# Deck flashing



## Sifu (Oct 10, 2012)

Have a real problem getting people to flash decks and porches properly.  Code states the flashing must extend to the surface of the exterior wall covering but as a retro-fit some are trying to remove the 1st deck board and flash out horizontally under it with no flashing between the deck ledger and the un-treated band.  Is that descriptive enough?  I don't have a picture.  I have a several right now who will need to remove the deck (at least far enough to slip the flashing up).  Any other see this type of thing?  Had a guy offer a bribe to turn my head on a completely un-flashed wrap-around today and I figure this will be his "correction".


----------



## tmurray (Oct 11, 2012)

something like what is shown here; http://www.gpe-llc.com/images/Flashing/DeckFlashing/FlashingDeckJoistsExposed.jpg? That is the way CMHC recommends it be done here in Canada. you run your bulk water membrane over the top of the flashing, that runs down to the ledger across the top of it and the you create a drip edge by angling it down somewhat.
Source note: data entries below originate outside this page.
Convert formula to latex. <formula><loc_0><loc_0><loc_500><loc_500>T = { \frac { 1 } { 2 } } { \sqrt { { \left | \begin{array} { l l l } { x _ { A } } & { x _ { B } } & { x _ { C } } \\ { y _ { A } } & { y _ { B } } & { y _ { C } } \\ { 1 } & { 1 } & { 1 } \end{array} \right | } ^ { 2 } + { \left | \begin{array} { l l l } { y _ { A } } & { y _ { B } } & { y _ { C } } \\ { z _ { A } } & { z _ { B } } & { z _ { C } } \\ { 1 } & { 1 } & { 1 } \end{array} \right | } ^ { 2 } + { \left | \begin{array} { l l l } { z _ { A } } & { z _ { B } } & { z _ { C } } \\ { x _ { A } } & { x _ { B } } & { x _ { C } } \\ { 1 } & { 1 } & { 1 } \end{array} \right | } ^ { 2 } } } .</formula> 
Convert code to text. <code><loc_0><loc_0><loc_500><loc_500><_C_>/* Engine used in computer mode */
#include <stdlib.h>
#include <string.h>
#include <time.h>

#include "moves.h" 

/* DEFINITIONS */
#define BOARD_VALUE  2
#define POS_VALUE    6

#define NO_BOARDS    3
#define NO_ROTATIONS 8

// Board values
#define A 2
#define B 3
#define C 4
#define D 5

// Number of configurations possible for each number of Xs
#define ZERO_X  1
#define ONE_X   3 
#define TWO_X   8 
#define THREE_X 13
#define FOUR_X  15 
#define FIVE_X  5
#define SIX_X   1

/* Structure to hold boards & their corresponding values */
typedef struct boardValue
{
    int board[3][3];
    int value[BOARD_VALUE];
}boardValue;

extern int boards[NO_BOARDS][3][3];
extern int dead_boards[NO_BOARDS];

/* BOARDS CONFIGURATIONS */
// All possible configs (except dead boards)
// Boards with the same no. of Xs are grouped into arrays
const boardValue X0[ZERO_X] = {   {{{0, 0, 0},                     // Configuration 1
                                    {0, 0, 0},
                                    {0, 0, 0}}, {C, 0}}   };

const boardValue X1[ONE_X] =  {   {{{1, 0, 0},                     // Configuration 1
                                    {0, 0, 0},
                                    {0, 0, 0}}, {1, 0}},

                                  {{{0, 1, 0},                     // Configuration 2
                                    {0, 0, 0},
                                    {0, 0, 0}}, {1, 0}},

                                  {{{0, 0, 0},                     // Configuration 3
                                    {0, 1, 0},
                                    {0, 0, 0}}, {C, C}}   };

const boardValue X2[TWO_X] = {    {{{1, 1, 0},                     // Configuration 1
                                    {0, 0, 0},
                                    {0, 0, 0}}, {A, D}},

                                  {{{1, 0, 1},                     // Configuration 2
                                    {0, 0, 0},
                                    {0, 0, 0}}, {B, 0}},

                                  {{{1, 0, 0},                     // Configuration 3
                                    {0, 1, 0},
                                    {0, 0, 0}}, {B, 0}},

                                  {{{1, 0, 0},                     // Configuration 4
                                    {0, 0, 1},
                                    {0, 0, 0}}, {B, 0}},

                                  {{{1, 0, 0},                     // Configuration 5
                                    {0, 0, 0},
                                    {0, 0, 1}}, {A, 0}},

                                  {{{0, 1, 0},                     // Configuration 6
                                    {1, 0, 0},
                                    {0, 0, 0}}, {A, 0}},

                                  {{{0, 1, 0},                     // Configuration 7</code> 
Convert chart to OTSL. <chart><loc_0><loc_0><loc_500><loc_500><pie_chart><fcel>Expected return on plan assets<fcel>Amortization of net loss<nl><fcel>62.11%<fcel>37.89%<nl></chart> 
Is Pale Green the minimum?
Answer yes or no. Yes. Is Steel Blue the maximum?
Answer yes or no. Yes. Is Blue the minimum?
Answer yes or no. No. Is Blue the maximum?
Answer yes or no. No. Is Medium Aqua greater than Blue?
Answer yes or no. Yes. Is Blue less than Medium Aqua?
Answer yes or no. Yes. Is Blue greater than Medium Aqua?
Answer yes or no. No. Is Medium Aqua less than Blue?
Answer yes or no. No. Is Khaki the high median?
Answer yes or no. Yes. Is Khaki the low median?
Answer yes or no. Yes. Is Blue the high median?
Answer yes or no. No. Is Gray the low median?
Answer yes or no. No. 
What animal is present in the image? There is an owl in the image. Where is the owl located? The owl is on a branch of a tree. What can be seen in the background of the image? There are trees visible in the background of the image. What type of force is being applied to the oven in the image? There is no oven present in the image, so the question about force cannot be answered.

The only way you would have a problem is if the contractor did not lap the bulk water membrane, you could have water run down behind the flashing, but otherwise there shouldn't be a problem.


----------



## jar546 (Oct 11, 2012)

Sifu said:
			
		

> Have a real problem getting people to flash decks and porches properly.  Code states the flashing must extend to the surface of the exterior wall covering but as a retro-fit some are trying to remove the 1st deck board and flash out horizontally under it with no flashing between the deck ledger and the un-treated band.  Is that descriptive enough?  I don't have a picture.  I have a several right now who will need to remove the deck (at least far enough to slip the flashing up).  Any other see this type of thing?  Had a guy offer a bribe to turn my head on a completely un-flashed wrap-around today and I figure this will be his "correction".


You are correct.  There must be flashing between the ledger and the structure then they can do the flashing over the top of the ledger board.


----------



## Sifu (Oct 11, 2012)

Yes, that is the "kick-out" type flashing I see on occasion.  It leaves nothing between the deck ledger and the house band but should prevent water from getting between the two members.  Back in the day I did both-flashed the ledger and provided kick-out flashing.  I don't think the kick-out alone meets the letter of the code but if it meets the intent I could allow it as an alternative to an otherwise big job of trying to retrofit the flashing.


----------



## Darren Emery (Oct 17, 2017)

I would like to resurrect this thread - and ask if anyone has some "best practices" info on deck flashing?  The code doesn't provide much direction, just that approved flashing must be installed.  I'd like to hear what other jurisdictions require, suggest, and approve.  Also - examples of what you don't allow would be helpful as well!


----------